This feels more like a eulogy for a great and adored hero than it does a Final Drive report.

The 2015 R8 V10 Spyder represents the end of an era for super cars. As computerized technology is now the answer to achieving better performance rather than adding more power, or (perish the thought!) increased driver skill, we will never see another new machine like this Audi halo car.

Before the R8 follows suit with the tech for efficiency and speed mantra – and be assured the new car will surely be quicker, faster, more efficient, taste great and be less filling – let’s celebrate what makes a car like the R8 a true super car.

There is the performance, of course, and in this case, the numbers are still formidable. 0-100 km/h in about 4 seconds and a top speed of 313 km/h remain very impressive and in line with other big-buck Euro sports machines. And the R8 still has the looks to turn a lot of heads, even when finished in the rather subdued Suzuka Grey hue of our test car. In Spyder format, the oft-controversial side strakes are omitted leaving just a low, wide and striking form. A bright orange Lamborghini Huracan or red Ferrari 488 will drop more jaws, but even after all these years, the R8 has not lost an ounce of its sex appeal.

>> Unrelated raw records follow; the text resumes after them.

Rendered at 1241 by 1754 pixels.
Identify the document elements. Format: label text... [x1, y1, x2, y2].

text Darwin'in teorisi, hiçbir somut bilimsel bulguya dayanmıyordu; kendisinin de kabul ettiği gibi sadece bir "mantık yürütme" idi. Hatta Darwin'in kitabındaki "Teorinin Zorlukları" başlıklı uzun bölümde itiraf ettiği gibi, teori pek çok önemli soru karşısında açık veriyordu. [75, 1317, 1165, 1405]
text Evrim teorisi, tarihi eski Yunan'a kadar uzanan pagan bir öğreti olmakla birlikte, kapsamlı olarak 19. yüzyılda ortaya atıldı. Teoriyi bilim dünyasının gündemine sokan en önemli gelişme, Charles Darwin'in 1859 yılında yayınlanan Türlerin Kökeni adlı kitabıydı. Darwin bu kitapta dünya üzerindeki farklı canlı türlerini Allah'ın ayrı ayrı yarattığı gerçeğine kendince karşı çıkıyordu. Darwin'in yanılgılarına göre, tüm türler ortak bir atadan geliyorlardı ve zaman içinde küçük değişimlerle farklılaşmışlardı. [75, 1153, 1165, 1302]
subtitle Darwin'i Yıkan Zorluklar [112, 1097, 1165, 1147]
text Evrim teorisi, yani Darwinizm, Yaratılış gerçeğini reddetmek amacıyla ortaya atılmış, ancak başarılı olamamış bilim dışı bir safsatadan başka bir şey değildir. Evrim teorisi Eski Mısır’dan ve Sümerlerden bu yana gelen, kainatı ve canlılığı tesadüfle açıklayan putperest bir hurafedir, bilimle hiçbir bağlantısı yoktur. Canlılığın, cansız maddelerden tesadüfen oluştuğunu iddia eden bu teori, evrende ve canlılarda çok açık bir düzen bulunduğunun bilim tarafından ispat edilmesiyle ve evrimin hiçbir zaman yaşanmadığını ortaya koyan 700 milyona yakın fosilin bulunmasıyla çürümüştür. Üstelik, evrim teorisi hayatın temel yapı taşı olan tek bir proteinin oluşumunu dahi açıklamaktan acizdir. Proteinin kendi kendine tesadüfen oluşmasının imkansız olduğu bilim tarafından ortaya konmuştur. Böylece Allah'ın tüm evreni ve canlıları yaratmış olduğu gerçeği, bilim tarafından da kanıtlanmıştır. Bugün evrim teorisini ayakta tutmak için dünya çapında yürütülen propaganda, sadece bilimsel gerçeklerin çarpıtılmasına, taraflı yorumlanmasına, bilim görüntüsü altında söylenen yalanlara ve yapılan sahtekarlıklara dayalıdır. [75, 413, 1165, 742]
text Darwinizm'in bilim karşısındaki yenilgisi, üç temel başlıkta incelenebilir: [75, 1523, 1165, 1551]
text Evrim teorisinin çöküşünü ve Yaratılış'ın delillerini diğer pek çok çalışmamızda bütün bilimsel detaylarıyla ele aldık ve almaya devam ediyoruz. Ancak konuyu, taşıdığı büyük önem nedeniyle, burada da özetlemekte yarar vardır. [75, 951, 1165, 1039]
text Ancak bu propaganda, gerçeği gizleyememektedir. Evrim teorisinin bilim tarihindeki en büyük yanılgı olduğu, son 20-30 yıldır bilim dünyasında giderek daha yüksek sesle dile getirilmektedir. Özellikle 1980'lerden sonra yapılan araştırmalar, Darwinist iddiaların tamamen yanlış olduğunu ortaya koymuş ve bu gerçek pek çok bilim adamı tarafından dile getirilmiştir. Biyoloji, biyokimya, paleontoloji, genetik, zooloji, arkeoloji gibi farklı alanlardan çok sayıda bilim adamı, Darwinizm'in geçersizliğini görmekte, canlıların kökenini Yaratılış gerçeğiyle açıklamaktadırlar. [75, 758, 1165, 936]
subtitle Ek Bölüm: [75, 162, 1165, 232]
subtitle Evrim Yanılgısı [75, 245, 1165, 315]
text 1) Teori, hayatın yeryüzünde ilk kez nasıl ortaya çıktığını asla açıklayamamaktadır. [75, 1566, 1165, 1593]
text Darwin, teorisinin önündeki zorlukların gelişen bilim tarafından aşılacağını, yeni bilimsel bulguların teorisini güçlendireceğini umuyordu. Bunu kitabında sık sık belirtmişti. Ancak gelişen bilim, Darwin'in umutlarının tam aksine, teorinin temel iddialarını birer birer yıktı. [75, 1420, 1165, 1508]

This R8 transcends the trivialities of on-paper performance figures and fashion for something far greater: a fully involved and immersive driving experience. This is not the car one buys to gain the advantage over his or her wealthy friends in posting fastest laps at the local track. Nor is it even the car that will always be guaranteed the primo valet spot up front.

Rather, this is the car that conjures up images and sensations of what it might’ve been like to be a Le Mans driver decades ago. Or maybe you’d imagine being a spy in the coolest action film, making a getaway from the villains. Or just the rich playboy (or girl) going for a rip up the coast with your supermodel trophy seated next to you. It is so much more than a machine – it’s a device of passion that taps into your fantasies and directly into the driver’s nervous system.

The Next Generation: First Drive: 2017 Audi R8

Take the steering, for example. It’s not the numbed experience we’ve grown to accept from modern electric units. It’s wholly and truly alive in the driver’s hands, buzzing and squirming and transmitting every single detail of the road surface and what the tires are doing there. Steering inputs are measured in imperceptible thoughts, a dimension far smaller and more precise than anything metric. It’s a throwback experience for those who have forgotten what purity in steering used to be in some of the finest sporting machines from an earlier time.